出自と経歴
- 封敖、字は碩夫、その先祖は渤海蓚の人。祖父は希奭。父の諒は官が低かった。敖は元和十年に進士第に登り、累く諸侯の府に招かれ、太和中、入朝して右拾遺となった。会昌初、員外郎知制誥として翰林学士に召され、中書舎人を拝した。
- 敖は構思が敏速で、語は近くとも理は優れ、奇僻を求めず、武宗に深く重んじられた。かつて『賜陣傷邊將詔』を起草した際の警句「傷は爾の体にあれど、痛みは朕の身にあり」を帝は見て善しとし宮錦を賜った。李德裕が相位にあり回鶻を破り劉稹を誅する策を定めた際、議論の中で異論を唱える者もあったが、徳裕は籌計指画し奇功を立てた。武宗は徳裕を賞し衛国公に封じ太尉とし、その制語に「風波の中で横議を遏め、掌握のうちに奇謀を定めた。逆賊の稹が兵を盗み壺関が昼も鎖されていた折、造膝の嘉話、胸襟を開いた静思、意は皆我と同じく言は他に惑わされなかった」と記した。制が出ると敖はこれを慶いに赴いたところ、徳裕は口ずさんでこの数句を誦し、敖の肩を撫でて「陸生(陸賈)に『恨むらくは文が意に及ばぬこと』という言葉があるが、卿のこの語のようなものは、筆を執る者もたやすくは言葉にできない」と述べ、座中で自らの帯びていた玉帯を解いて敖に贈り、深く礼遇した。
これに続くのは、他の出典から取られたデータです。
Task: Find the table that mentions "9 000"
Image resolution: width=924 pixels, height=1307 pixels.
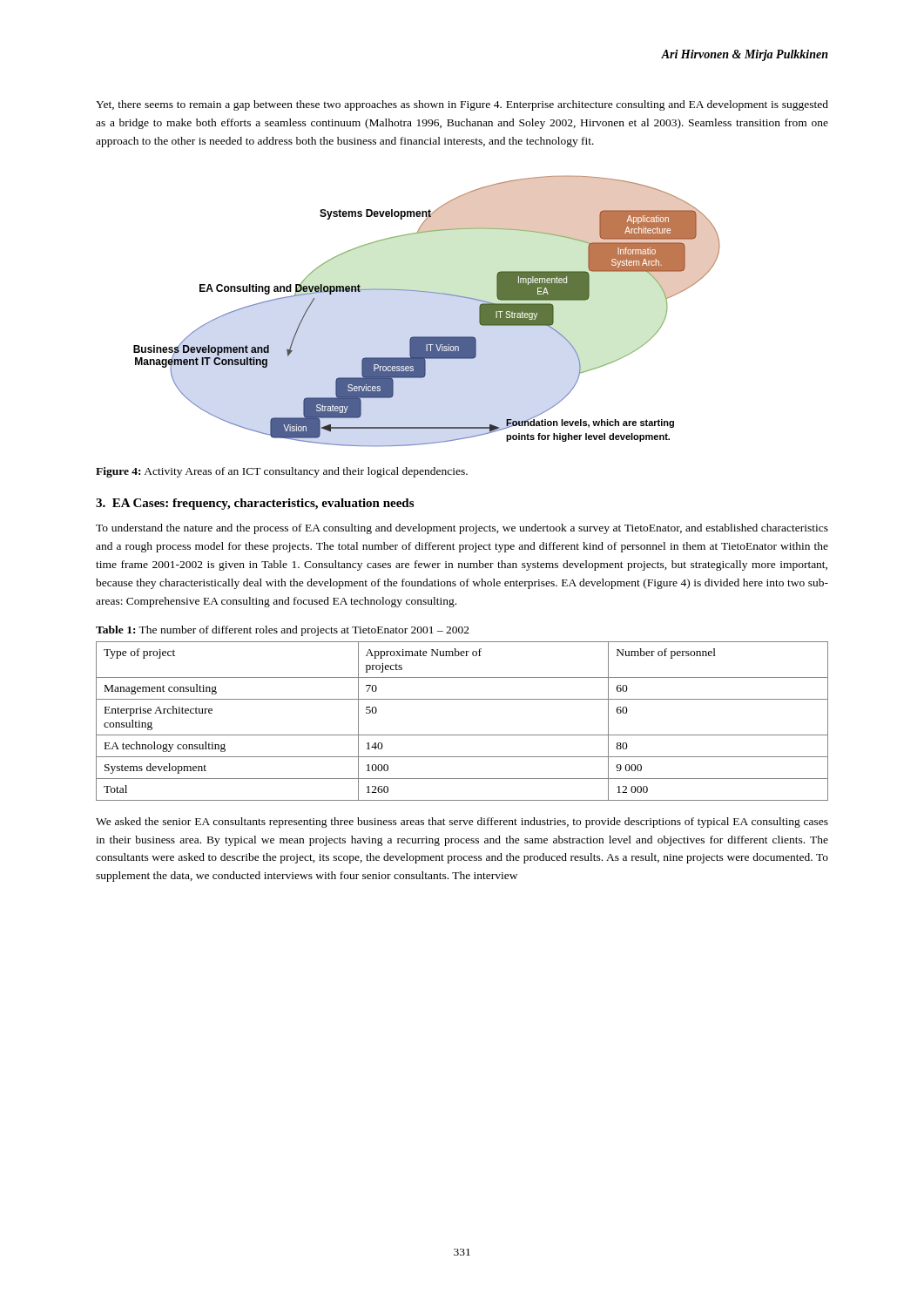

- しかし敖は士としての節操を保たず、人々はその才を重んじながらもその行いを軽んじ、徳裕も大きくは用いなかった。徳裕が罷相すると敖もまた内職を罷められた。宣宗即位後、礼部侍郎に遷り、大中二年、貢部を掌り多く文士を抜擢した。吏部侍郎・渤海男・食邑七百戸に転じ、四年、興元尹・御史大夫・山南西道節度使として出、左散騎常侍を歴任し、十一年、太常卿を拝し淄青節度使に出、入朝して戸部尚書となり卒した。
- 子の彦卿・望卿、従子の特卿はいずれも進士に及第し、咸通以後、清顕を歴任した。
史論
- 史臣曰く、韋公(韋温)は正直で官を守り、正面から諫めて礼を得た。蕭子(蕭祐)は吏隠にありながらも名賢であった。蔚章(銭徽)は操韻こそ高くないが、従容とした長者であった。郁・朗の兄弟は志節高く、郁にはとくに世に伝わる風格があった。三高(高釴・銖・鍇)は一時に並び秀で、二馮(馮宿・定)は千里を競うほどであり、いずれも文才で国を輝かせ名を揚げた。文章の潤色の才では封(封敖)に並ぶ者はなく、長寿と栄慶を得たことも儒者として恥じるところはない。
- 賛に曰く、蒲を伏して諫めを進め、筆を染めて文を為す。獨孤・韋氏は志を君を匡すことに置いた。馮・高の諸子は綺繡のごとく繽紛たり。禁垣に美を独占し、渤海(封敖)は雲を凌いだ。